¿Se puede tener cáncer y ser feliz? Sí

¿Sé puede tener cáncer y ser feliz? sí.

Mariquita de la suerte

“No hay evidencia de enfermedad”, es lo que me dijo el médico hace menos de un mes después de haber realizado un PET de control tras la última sesión de quimioterapia. Me dio la impresión de que no se lo creía mucho, o quizás tenía un mal día. No lo sé. Y es que era para no creérselo.

Había tenido una grave recidiva de un tumor anterior, sufrí una operación de la que tardé varios meses en recuperarme y recibí el posterior tratamiento de quimioterapia.

Os pongo en antecedentes. Hace siete años me diagnosticaron un cáncer muy avanzado. Fue silente hasta el último momento, para ir mostrando maneras. “Tienes un cáncer” me anunció el doctor inmediatamente después de subirme del quirófano tras once horas de operación. Yo no le dí mucha importancia porque estaba totalmente “colocada” por la morfina, alucinaba y hacía bromas con mi hermana. Quizá fue la primera escaramuza, y la vencí con buen humor. A los dos días me levanté porque decidí irme de ahí cuanto antes; daba paseos totalmente doblada y agarrada al palo del gotero. Cuando vino el oncólogo le hice dos preguntas para pasar página cuanto antes: “¿Podré tomar el sol?, porque es final de curso y estoy muy cansada” y “¿Cuánto tiempo tardaré en trabajar? ¿Podré trabajar durante el tratamiento? porque puede que me echen”. Creo que el médico pensó: ésta no se entera. Llevaba razón porque había decidido que, ya que la enfermedad no tiene cura, había que vivir la vida con intensidad. Dios solo te la da una vez.

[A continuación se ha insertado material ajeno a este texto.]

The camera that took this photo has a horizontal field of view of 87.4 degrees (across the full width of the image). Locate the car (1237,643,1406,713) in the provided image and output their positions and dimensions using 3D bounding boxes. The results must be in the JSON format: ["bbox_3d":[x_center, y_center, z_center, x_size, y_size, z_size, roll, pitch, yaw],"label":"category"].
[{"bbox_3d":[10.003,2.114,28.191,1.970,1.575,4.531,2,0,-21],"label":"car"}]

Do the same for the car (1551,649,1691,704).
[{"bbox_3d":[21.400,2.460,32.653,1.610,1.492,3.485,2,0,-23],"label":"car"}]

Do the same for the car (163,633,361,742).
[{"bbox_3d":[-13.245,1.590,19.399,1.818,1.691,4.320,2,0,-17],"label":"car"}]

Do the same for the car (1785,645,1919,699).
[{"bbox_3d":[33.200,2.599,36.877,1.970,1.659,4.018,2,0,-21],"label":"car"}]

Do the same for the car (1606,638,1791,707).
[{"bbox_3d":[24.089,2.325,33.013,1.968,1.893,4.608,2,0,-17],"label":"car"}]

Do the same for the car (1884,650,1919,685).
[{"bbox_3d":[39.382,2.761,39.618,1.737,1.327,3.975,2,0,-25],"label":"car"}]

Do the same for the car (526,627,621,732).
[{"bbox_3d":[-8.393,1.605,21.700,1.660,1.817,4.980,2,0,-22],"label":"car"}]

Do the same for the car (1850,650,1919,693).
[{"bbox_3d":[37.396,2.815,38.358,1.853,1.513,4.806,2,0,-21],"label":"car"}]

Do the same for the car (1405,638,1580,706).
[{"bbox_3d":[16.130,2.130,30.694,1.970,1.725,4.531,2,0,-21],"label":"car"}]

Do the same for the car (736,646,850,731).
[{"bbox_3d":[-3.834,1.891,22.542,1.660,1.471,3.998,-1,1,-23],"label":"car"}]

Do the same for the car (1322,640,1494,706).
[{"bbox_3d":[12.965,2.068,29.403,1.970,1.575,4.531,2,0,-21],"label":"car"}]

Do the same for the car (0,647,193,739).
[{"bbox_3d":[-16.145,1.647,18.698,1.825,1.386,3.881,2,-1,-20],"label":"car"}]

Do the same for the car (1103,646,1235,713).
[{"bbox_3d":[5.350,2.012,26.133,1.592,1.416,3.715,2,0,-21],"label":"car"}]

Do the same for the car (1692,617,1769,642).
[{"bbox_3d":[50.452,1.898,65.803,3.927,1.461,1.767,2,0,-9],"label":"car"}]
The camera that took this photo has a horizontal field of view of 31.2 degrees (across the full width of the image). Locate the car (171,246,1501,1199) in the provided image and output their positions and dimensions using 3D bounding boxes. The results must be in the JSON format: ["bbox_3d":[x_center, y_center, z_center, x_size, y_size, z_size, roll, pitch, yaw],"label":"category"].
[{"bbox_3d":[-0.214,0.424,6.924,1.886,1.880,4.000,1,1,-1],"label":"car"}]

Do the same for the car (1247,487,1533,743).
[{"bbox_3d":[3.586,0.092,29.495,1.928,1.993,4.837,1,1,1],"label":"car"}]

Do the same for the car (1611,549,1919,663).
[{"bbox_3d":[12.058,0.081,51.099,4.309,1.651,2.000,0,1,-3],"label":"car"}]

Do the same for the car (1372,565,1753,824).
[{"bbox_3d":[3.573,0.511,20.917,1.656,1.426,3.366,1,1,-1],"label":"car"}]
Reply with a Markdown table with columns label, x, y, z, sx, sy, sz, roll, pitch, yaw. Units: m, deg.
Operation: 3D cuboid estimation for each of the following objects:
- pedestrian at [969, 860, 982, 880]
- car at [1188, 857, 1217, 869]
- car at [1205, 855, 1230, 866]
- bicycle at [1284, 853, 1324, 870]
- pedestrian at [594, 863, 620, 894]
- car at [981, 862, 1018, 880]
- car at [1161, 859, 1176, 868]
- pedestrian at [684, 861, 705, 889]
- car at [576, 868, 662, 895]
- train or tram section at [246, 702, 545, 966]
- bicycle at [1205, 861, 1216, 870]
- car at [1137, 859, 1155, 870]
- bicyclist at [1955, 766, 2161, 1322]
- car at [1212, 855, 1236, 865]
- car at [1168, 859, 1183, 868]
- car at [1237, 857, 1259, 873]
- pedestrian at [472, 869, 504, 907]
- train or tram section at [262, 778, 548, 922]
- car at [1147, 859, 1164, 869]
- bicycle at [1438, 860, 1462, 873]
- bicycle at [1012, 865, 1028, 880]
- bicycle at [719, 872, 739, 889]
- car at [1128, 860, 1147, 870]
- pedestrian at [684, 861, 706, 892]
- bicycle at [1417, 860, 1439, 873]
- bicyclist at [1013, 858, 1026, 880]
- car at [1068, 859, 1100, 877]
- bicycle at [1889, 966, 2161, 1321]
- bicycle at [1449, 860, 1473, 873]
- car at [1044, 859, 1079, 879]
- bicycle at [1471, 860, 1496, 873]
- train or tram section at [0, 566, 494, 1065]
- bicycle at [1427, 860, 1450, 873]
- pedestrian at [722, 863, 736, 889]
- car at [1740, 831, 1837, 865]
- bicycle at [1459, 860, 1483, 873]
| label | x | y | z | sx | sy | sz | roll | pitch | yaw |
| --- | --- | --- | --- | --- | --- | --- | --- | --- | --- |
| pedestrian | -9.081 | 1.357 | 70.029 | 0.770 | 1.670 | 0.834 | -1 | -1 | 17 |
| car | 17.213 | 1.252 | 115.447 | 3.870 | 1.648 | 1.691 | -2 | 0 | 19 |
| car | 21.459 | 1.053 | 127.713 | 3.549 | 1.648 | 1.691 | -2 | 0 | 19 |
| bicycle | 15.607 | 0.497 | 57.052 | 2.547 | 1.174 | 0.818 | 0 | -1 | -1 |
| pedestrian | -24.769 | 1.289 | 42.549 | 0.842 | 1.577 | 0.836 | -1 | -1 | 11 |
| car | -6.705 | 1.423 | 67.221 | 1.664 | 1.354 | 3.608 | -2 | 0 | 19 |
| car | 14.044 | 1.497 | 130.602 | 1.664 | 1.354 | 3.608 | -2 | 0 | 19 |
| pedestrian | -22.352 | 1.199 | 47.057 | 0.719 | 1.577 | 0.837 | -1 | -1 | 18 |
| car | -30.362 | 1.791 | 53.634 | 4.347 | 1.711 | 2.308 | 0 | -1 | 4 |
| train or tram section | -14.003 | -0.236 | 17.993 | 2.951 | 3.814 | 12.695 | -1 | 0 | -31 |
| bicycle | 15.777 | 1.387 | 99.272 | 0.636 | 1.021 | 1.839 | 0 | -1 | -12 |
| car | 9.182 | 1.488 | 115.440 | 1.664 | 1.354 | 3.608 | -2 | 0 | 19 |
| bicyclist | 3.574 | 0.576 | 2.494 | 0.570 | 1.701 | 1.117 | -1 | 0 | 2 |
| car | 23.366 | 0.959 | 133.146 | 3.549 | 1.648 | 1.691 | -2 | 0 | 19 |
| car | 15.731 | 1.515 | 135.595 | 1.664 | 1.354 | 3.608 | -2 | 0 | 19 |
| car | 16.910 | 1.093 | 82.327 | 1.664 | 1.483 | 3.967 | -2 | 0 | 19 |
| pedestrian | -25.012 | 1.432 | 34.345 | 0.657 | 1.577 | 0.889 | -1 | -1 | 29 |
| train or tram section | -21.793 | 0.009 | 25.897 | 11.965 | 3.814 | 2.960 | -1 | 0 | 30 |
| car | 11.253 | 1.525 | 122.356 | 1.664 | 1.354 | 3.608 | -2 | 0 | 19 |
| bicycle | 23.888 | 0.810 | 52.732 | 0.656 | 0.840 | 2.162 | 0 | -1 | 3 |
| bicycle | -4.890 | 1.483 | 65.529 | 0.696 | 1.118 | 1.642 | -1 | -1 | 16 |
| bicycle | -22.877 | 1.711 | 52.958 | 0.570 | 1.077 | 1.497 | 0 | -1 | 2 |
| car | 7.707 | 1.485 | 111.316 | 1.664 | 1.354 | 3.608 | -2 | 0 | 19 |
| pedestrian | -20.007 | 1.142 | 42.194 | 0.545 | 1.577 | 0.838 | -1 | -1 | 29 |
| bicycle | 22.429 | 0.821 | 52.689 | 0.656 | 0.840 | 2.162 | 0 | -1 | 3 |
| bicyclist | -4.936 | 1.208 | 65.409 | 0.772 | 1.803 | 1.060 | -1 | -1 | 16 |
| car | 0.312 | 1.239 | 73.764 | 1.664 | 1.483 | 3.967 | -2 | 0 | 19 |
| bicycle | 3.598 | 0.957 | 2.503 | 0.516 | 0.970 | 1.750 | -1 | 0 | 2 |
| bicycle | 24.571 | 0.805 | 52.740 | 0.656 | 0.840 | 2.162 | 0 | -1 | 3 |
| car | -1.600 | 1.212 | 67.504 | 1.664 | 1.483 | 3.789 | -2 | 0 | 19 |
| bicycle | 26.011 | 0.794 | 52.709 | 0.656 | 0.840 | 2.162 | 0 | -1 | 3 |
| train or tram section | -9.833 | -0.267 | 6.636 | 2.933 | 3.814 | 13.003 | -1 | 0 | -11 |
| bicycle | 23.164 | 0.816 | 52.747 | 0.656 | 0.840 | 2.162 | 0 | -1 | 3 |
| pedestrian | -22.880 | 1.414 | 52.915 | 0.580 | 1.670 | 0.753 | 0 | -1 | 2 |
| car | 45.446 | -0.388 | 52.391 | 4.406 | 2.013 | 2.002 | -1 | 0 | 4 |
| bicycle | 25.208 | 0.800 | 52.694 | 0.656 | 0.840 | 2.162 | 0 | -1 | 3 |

“¿Por qué no escribes lo que estás viviendo?, le puede ayudar a mucha gente” me han dicho con frecuencia. Y es que son muchas las personas y sus familias a las que, sin preaviso, el cáncer interrumpe sus vidas: alterando planes, trabajos, rutinas y relaciones. Me he decidido a hacerlo. Poner en negro sobre blanco te reafirma en tus decisiones y convicciones. Y contra el cáncer no vale sólo contar con un buen médico, necesitas el apoyo de tu familia y amigos, una gran decisión de vivir y apoyarte en profundas convicciones.

Después de siete años de estrecha convivencia con el enemigo, he de  admitir que hay muchas cosas que no sé, por lo que sirve de poco ser reactivo: llegas tarde. Sin embargo, se puede ir ganando terreno en calidad de vida: cuidando la dieta, el sueño, la estabilidad emocional y el ejercicio, y no ceder ni un milímetro en lo esencial: que el cáncer no te robe la alegría ni inunde de pesimismo tu hogar.

Puedo decir que soy una experta. Unos días hablaré para los que comienzan y otros para los avanzados. Sé que le cáncer no se cura, por ahora, pero ¿se puede tener cáncer y ser feliz? Sí.